▶ What is expected:
The records below are to be output exactly, except for their pictures.

▶ Working data:

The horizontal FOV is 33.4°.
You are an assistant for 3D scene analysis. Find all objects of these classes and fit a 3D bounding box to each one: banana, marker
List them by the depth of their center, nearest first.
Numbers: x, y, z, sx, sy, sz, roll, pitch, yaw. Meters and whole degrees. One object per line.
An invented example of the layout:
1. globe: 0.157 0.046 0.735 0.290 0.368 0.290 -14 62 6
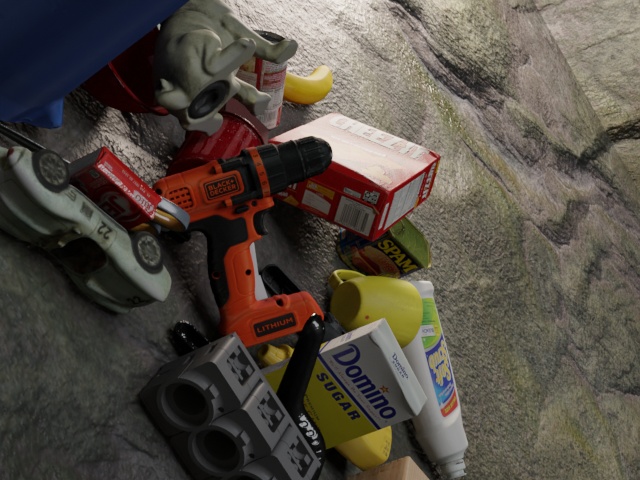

▶ Written answer:
The horizontal FOV is 33.4°.
You are an assistant for 3D scene analysis. Find all objects of these classes and fit a 3D bounding box to each one: banana, marker
List them by the depth of their center, nearest first.
Numbers: x, y, z, sx, sy, sz, roll, pitch, yaw. Meters and whole degrees. One object per line.
An invented example of the layout:
1. globe: 0.157 0.046 0.735 0.290 0.368 0.290 -14 62 6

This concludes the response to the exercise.